Exercise aim ▸ The required output is the lines below from the line containing "Provide a succinct answer. 90.35." to the line containing "Provide a short and direct response. 11.67.", inclusive, retyped exactly. No other lines belong in it.

Source material ▸
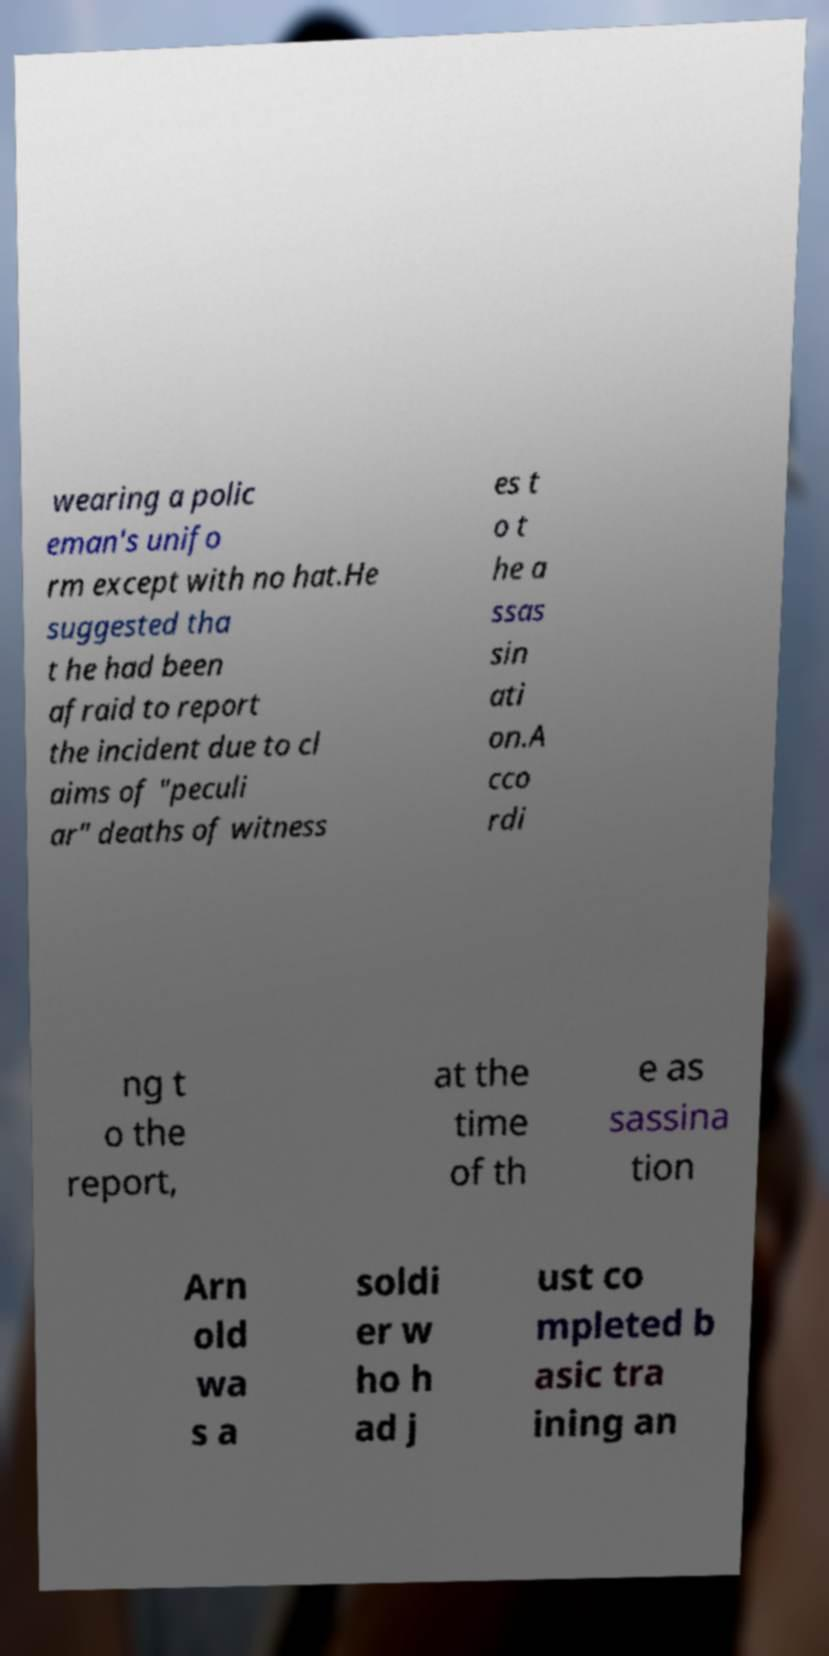For documentation purposes, I need the text within this image transcribed. Could you provide that? wearing a polic eman's unifo rm except with no hat.He suggested tha t he had been afraid to report the incident due to cl aims of "peculi ar" deaths of witness es t o t he a ssas sin ati on.A cco rdi ng t o the report, at the time of th e as sassina tion Arn old wa s a soldi er w ho h ad j ust co mpleted b asic tra ining an 
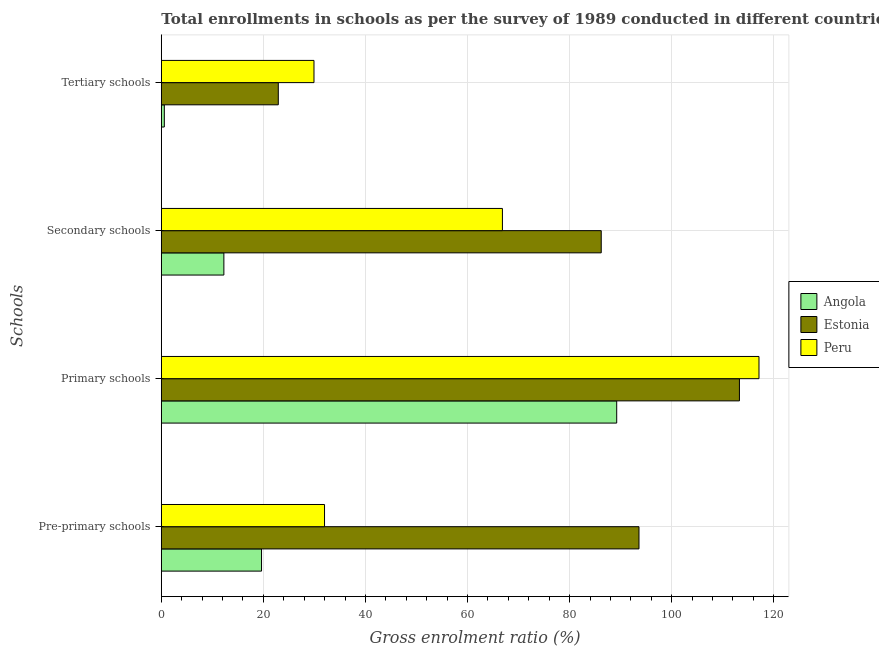How many different coloured bars are there?
Ensure brevity in your answer.  3. How many groups of bars are there?
Give a very brief answer. 4. How many bars are there on the 1st tick from the top?
Your answer should be very brief. 3. How many bars are there on the 1st tick from the bottom?
Your answer should be very brief. 3. What is the label of the 2nd group of bars from the top?
Make the answer very short. Secondary schools. What is the gross enrolment ratio in primary schools in Estonia?
Your response must be concise. 113.27. Across all countries, what is the maximum gross enrolment ratio in primary schools?
Offer a very short reply. 117.1. Across all countries, what is the minimum gross enrolment ratio in tertiary schools?
Give a very brief answer. 0.59. In which country was the gross enrolment ratio in pre-primary schools maximum?
Your response must be concise. Estonia. In which country was the gross enrolment ratio in tertiary schools minimum?
Offer a very short reply. Angola. What is the total gross enrolment ratio in primary schools in the graph?
Offer a very short reply. 319.61. What is the difference between the gross enrolment ratio in pre-primary schools in Peru and that in Estonia?
Make the answer very short. -61.61. What is the difference between the gross enrolment ratio in tertiary schools in Estonia and the gross enrolment ratio in primary schools in Angola?
Your response must be concise. -66.31. What is the average gross enrolment ratio in primary schools per country?
Ensure brevity in your answer.  106.54. What is the difference between the gross enrolment ratio in primary schools and gross enrolment ratio in pre-primary schools in Peru?
Your answer should be compact. 85.13. In how many countries, is the gross enrolment ratio in tertiary schools greater than 104 %?
Your response must be concise. 0. What is the ratio of the gross enrolment ratio in pre-primary schools in Angola to that in Peru?
Offer a terse response. 0.61. Is the gross enrolment ratio in tertiary schools in Estonia less than that in Peru?
Give a very brief answer. Yes. What is the difference between the highest and the second highest gross enrolment ratio in pre-primary schools?
Give a very brief answer. 61.61. What is the difference between the highest and the lowest gross enrolment ratio in tertiary schools?
Offer a terse response. 29.32. In how many countries, is the gross enrolment ratio in pre-primary schools greater than the average gross enrolment ratio in pre-primary schools taken over all countries?
Offer a terse response. 1. Is the sum of the gross enrolment ratio in tertiary schools in Angola and Peru greater than the maximum gross enrolment ratio in primary schools across all countries?
Provide a succinct answer. No. What does the 1st bar from the bottom in Tertiary schools represents?
Offer a very short reply. Angola. Is it the case that in every country, the sum of the gross enrolment ratio in pre-primary schools and gross enrolment ratio in primary schools is greater than the gross enrolment ratio in secondary schools?
Provide a short and direct response. Yes. Are all the bars in the graph horizontal?
Offer a very short reply. Yes. Are the values on the major ticks of X-axis written in scientific E-notation?
Provide a succinct answer. No. Does the graph contain any zero values?
Your answer should be compact. No. Does the graph contain grids?
Ensure brevity in your answer.  Yes. Where does the legend appear in the graph?
Give a very brief answer. Center right. What is the title of the graph?
Offer a terse response. Total enrollments in schools as per the survey of 1989 conducted in different countries. What is the label or title of the Y-axis?
Your response must be concise. Schools. What is the Gross enrolment ratio (%) of Angola in Pre-primary schools?
Your response must be concise. 19.63. What is the Gross enrolment ratio (%) of Estonia in Pre-primary schools?
Keep it short and to the point. 93.59. What is the Gross enrolment ratio (%) of Peru in Pre-primary schools?
Provide a short and direct response. 31.98. What is the Gross enrolment ratio (%) of Angola in Primary schools?
Your response must be concise. 89.23. What is the Gross enrolment ratio (%) in Estonia in Primary schools?
Make the answer very short. 113.27. What is the Gross enrolment ratio (%) in Peru in Primary schools?
Offer a terse response. 117.1. What is the Gross enrolment ratio (%) of Angola in Secondary schools?
Give a very brief answer. 12.26. What is the Gross enrolment ratio (%) in Estonia in Secondary schools?
Ensure brevity in your answer.  86.2. What is the Gross enrolment ratio (%) of Peru in Secondary schools?
Your response must be concise. 66.84. What is the Gross enrolment ratio (%) of Angola in Tertiary schools?
Your answer should be very brief. 0.59. What is the Gross enrolment ratio (%) in Estonia in Tertiary schools?
Your answer should be compact. 22.92. What is the Gross enrolment ratio (%) of Peru in Tertiary schools?
Offer a very short reply. 29.91. Across all Schools, what is the maximum Gross enrolment ratio (%) of Angola?
Offer a very short reply. 89.23. Across all Schools, what is the maximum Gross enrolment ratio (%) in Estonia?
Make the answer very short. 113.27. Across all Schools, what is the maximum Gross enrolment ratio (%) of Peru?
Make the answer very short. 117.1. Across all Schools, what is the minimum Gross enrolment ratio (%) of Angola?
Offer a very short reply. 0.59. Across all Schools, what is the minimum Gross enrolment ratio (%) in Estonia?
Keep it short and to the point. 22.92. Across all Schools, what is the minimum Gross enrolment ratio (%) of Peru?
Make the answer very short. 29.91. What is the total Gross enrolment ratio (%) in Angola in the graph?
Offer a very short reply. 121.71. What is the total Gross enrolment ratio (%) of Estonia in the graph?
Provide a short and direct response. 315.98. What is the total Gross enrolment ratio (%) in Peru in the graph?
Your response must be concise. 245.83. What is the difference between the Gross enrolment ratio (%) in Angola in Pre-primary schools and that in Primary schools?
Your response must be concise. -69.59. What is the difference between the Gross enrolment ratio (%) in Estonia in Pre-primary schools and that in Primary schools?
Provide a short and direct response. -19.68. What is the difference between the Gross enrolment ratio (%) of Peru in Pre-primary schools and that in Primary schools?
Your answer should be compact. -85.13. What is the difference between the Gross enrolment ratio (%) in Angola in Pre-primary schools and that in Secondary schools?
Offer a very short reply. 7.38. What is the difference between the Gross enrolment ratio (%) in Estonia in Pre-primary schools and that in Secondary schools?
Your answer should be very brief. 7.39. What is the difference between the Gross enrolment ratio (%) of Peru in Pre-primary schools and that in Secondary schools?
Keep it short and to the point. -34.86. What is the difference between the Gross enrolment ratio (%) in Angola in Pre-primary schools and that in Tertiary schools?
Make the answer very short. 19.04. What is the difference between the Gross enrolment ratio (%) of Estonia in Pre-primary schools and that in Tertiary schools?
Keep it short and to the point. 70.67. What is the difference between the Gross enrolment ratio (%) in Peru in Pre-primary schools and that in Tertiary schools?
Ensure brevity in your answer.  2.07. What is the difference between the Gross enrolment ratio (%) of Angola in Primary schools and that in Secondary schools?
Give a very brief answer. 76.97. What is the difference between the Gross enrolment ratio (%) in Estonia in Primary schools and that in Secondary schools?
Give a very brief answer. 27.08. What is the difference between the Gross enrolment ratio (%) of Peru in Primary schools and that in Secondary schools?
Provide a succinct answer. 50.27. What is the difference between the Gross enrolment ratio (%) in Angola in Primary schools and that in Tertiary schools?
Keep it short and to the point. 88.64. What is the difference between the Gross enrolment ratio (%) in Estonia in Primary schools and that in Tertiary schools?
Provide a succinct answer. 90.35. What is the difference between the Gross enrolment ratio (%) in Peru in Primary schools and that in Tertiary schools?
Your answer should be compact. 87.19. What is the difference between the Gross enrolment ratio (%) of Angola in Secondary schools and that in Tertiary schools?
Provide a short and direct response. 11.67. What is the difference between the Gross enrolment ratio (%) of Estonia in Secondary schools and that in Tertiary schools?
Your response must be concise. 63.27. What is the difference between the Gross enrolment ratio (%) of Peru in Secondary schools and that in Tertiary schools?
Your answer should be compact. 36.92. What is the difference between the Gross enrolment ratio (%) of Angola in Pre-primary schools and the Gross enrolment ratio (%) of Estonia in Primary schools?
Keep it short and to the point. -93.64. What is the difference between the Gross enrolment ratio (%) in Angola in Pre-primary schools and the Gross enrolment ratio (%) in Peru in Primary schools?
Provide a short and direct response. -97.47. What is the difference between the Gross enrolment ratio (%) of Estonia in Pre-primary schools and the Gross enrolment ratio (%) of Peru in Primary schools?
Offer a very short reply. -23.51. What is the difference between the Gross enrolment ratio (%) in Angola in Pre-primary schools and the Gross enrolment ratio (%) in Estonia in Secondary schools?
Your answer should be compact. -66.56. What is the difference between the Gross enrolment ratio (%) of Angola in Pre-primary schools and the Gross enrolment ratio (%) of Peru in Secondary schools?
Offer a terse response. -47.2. What is the difference between the Gross enrolment ratio (%) in Estonia in Pre-primary schools and the Gross enrolment ratio (%) in Peru in Secondary schools?
Provide a short and direct response. 26.76. What is the difference between the Gross enrolment ratio (%) in Angola in Pre-primary schools and the Gross enrolment ratio (%) in Estonia in Tertiary schools?
Provide a short and direct response. -3.29. What is the difference between the Gross enrolment ratio (%) in Angola in Pre-primary schools and the Gross enrolment ratio (%) in Peru in Tertiary schools?
Your response must be concise. -10.28. What is the difference between the Gross enrolment ratio (%) in Estonia in Pre-primary schools and the Gross enrolment ratio (%) in Peru in Tertiary schools?
Give a very brief answer. 63.68. What is the difference between the Gross enrolment ratio (%) in Angola in Primary schools and the Gross enrolment ratio (%) in Estonia in Secondary schools?
Make the answer very short. 3.03. What is the difference between the Gross enrolment ratio (%) in Angola in Primary schools and the Gross enrolment ratio (%) in Peru in Secondary schools?
Keep it short and to the point. 22.39. What is the difference between the Gross enrolment ratio (%) of Estonia in Primary schools and the Gross enrolment ratio (%) of Peru in Secondary schools?
Provide a succinct answer. 46.44. What is the difference between the Gross enrolment ratio (%) in Angola in Primary schools and the Gross enrolment ratio (%) in Estonia in Tertiary schools?
Offer a very short reply. 66.31. What is the difference between the Gross enrolment ratio (%) of Angola in Primary schools and the Gross enrolment ratio (%) of Peru in Tertiary schools?
Provide a succinct answer. 59.31. What is the difference between the Gross enrolment ratio (%) of Estonia in Primary schools and the Gross enrolment ratio (%) of Peru in Tertiary schools?
Give a very brief answer. 83.36. What is the difference between the Gross enrolment ratio (%) of Angola in Secondary schools and the Gross enrolment ratio (%) of Estonia in Tertiary schools?
Offer a terse response. -10.67. What is the difference between the Gross enrolment ratio (%) of Angola in Secondary schools and the Gross enrolment ratio (%) of Peru in Tertiary schools?
Offer a terse response. -17.66. What is the difference between the Gross enrolment ratio (%) of Estonia in Secondary schools and the Gross enrolment ratio (%) of Peru in Tertiary schools?
Offer a very short reply. 56.28. What is the average Gross enrolment ratio (%) of Angola per Schools?
Provide a succinct answer. 30.43. What is the average Gross enrolment ratio (%) in Estonia per Schools?
Your answer should be compact. 79. What is the average Gross enrolment ratio (%) in Peru per Schools?
Your response must be concise. 61.46. What is the difference between the Gross enrolment ratio (%) in Angola and Gross enrolment ratio (%) in Estonia in Pre-primary schools?
Provide a short and direct response. -73.96. What is the difference between the Gross enrolment ratio (%) of Angola and Gross enrolment ratio (%) of Peru in Pre-primary schools?
Make the answer very short. -12.34. What is the difference between the Gross enrolment ratio (%) of Estonia and Gross enrolment ratio (%) of Peru in Pre-primary schools?
Your answer should be very brief. 61.61. What is the difference between the Gross enrolment ratio (%) in Angola and Gross enrolment ratio (%) in Estonia in Primary schools?
Provide a short and direct response. -24.05. What is the difference between the Gross enrolment ratio (%) of Angola and Gross enrolment ratio (%) of Peru in Primary schools?
Keep it short and to the point. -27.88. What is the difference between the Gross enrolment ratio (%) in Estonia and Gross enrolment ratio (%) in Peru in Primary schools?
Your answer should be compact. -3.83. What is the difference between the Gross enrolment ratio (%) of Angola and Gross enrolment ratio (%) of Estonia in Secondary schools?
Your answer should be compact. -73.94. What is the difference between the Gross enrolment ratio (%) in Angola and Gross enrolment ratio (%) in Peru in Secondary schools?
Ensure brevity in your answer.  -54.58. What is the difference between the Gross enrolment ratio (%) in Estonia and Gross enrolment ratio (%) in Peru in Secondary schools?
Provide a succinct answer. 19.36. What is the difference between the Gross enrolment ratio (%) in Angola and Gross enrolment ratio (%) in Estonia in Tertiary schools?
Offer a terse response. -22.33. What is the difference between the Gross enrolment ratio (%) in Angola and Gross enrolment ratio (%) in Peru in Tertiary schools?
Offer a terse response. -29.32. What is the difference between the Gross enrolment ratio (%) of Estonia and Gross enrolment ratio (%) of Peru in Tertiary schools?
Your response must be concise. -6.99. What is the ratio of the Gross enrolment ratio (%) of Angola in Pre-primary schools to that in Primary schools?
Offer a very short reply. 0.22. What is the ratio of the Gross enrolment ratio (%) of Estonia in Pre-primary schools to that in Primary schools?
Your answer should be compact. 0.83. What is the ratio of the Gross enrolment ratio (%) in Peru in Pre-primary schools to that in Primary schools?
Your answer should be very brief. 0.27. What is the ratio of the Gross enrolment ratio (%) in Angola in Pre-primary schools to that in Secondary schools?
Offer a terse response. 1.6. What is the ratio of the Gross enrolment ratio (%) in Estonia in Pre-primary schools to that in Secondary schools?
Your answer should be compact. 1.09. What is the ratio of the Gross enrolment ratio (%) of Peru in Pre-primary schools to that in Secondary schools?
Provide a succinct answer. 0.48. What is the ratio of the Gross enrolment ratio (%) in Angola in Pre-primary schools to that in Tertiary schools?
Offer a very short reply. 33.23. What is the ratio of the Gross enrolment ratio (%) of Estonia in Pre-primary schools to that in Tertiary schools?
Ensure brevity in your answer.  4.08. What is the ratio of the Gross enrolment ratio (%) in Peru in Pre-primary schools to that in Tertiary schools?
Keep it short and to the point. 1.07. What is the ratio of the Gross enrolment ratio (%) of Angola in Primary schools to that in Secondary schools?
Make the answer very short. 7.28. What is the ratio of the Gross enrolment ratio (%) of Estonia in Primary schools to that in Secondary schools?
Provide a short and direct response. 1.31. What is the ratio of the Gross enrolment ratio (%) of Peru in Primary schools to that in Secondary schools?
Offer a terse response. 1.75. What is the ratio of the Gross enrolment ratio (%) in Angola in Primary schools to that in Tertiary schools?
Offer a terse response. 151.02. What is the ratio of the Gross enrolment ratio (%) of Estonia in Primary schools to that in Tertiary schools?
Make the answer very short. 4.94. What is the ratio of the Gross enrolment ratio (%) in Peru in Primary schools to that in Tertiary schools?
Provide a short and direct response. 3.91. What is the ratio of the Gross enrolment ratio (%) in Angola in Secondary schools to that in Tertiary schools?
Provide a short and direct response. 20.74. What is the ratio of the Gross enrolment ratio (%) of Estonia in Secondary schools to that in Tertiary schools?
Your response must be concise. 3.76. What is the ratio of the Gross enrolment ratio (%) of Peru in Secondary schools to that in Tertiary schools?
Your answer should be very brief. 2.23. What is the difference between the highest and the second highest Gross enrolment ratio (%) in Angola?
Your response must be concise. 69.59. What is the difference between the highest and the second highest Gross enrolment ratio (%) of Estonia?
Ensure brevity in your answer.  19.68. What is the difference between the highest and the second highest Gross enrolment ratio (%) in Peru?
Your response must be concise. 50.27. What is the difference between the highest and the lowest Gross enrolment ratio (%) in Angola?
Provide a short and direct response. 88.64. What is the difference between the highest and the lowest Gross enrolment ratio (%) of Estonia?
Ensure brevity in your answer.  90.35. What is the difference between the highest and the lowest Gross enrolment ratio (%) of Peru?
Your answer should be very brief. 87.19. 
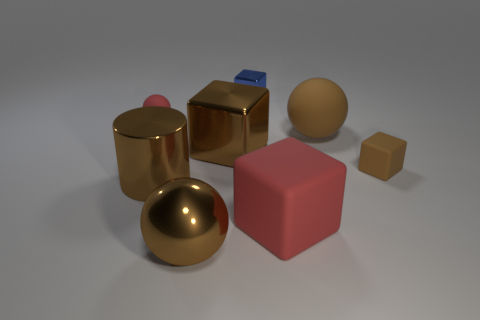Add 1 small blue metallic things. How many objects exist? 9 Subtract all balls. How many objects are left? 5 Subtract all big purple metal balls. Subtract all brown cylinders. How many objects are left? 7 Add 4 matte cubes. How many matte cubes are left? 6 Add 8 red balls. How many red balls exist? 9 Subtract 0 yellow spheres. How many objects are left? 8 
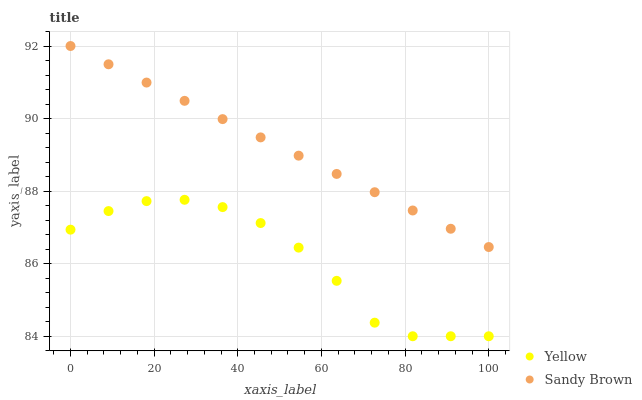Does Yellow have the minimum area under the curve?
Answer yes or no. Yes. Does Sandy Brown have the maximum area under the curve?
Answer yes or no. Yes. Does Yellow have the maximum area under the curve?
Answer yes or no. No. Is Sandy Brown the smoothest?
Answer yes or no. Yes. Is Yellow the roughest?
Answer yes or no. Yes. Is Yellow the smoothest?
Answer yes or no. No. Does Yellow have the lowest value?
Answer yes or no. Yes. Does Sandy Brown have the highest value?
Answer yes or no. Yes. Does Yellow have the highest value?
Answer yes or no. No. Is Yellow less than Sandy Brown?
Answer yes or no. Yes. Is Sandy Brown greater than Yellow?
Answer yes or no. Yes. Does Yellow intersect Sandy Brown?
Answer yes or no. No.

Answer area ▸
Provide a succinct answer. 90.35. What is the difference between the Gross enrolment ratio (%) in Peru in Primary schools and that in Tertiary schools?
Your answer should be compact. 87.19. What is the difference between the Gross enrolment ratio (%) of Angola in Secondary schools and that in Tertiary schools?
Provide a short and direct response. 11.67. What is the difference between the Gross enrolment ratio (%) of Estonia in Secondary schools and that in Tertiary schools?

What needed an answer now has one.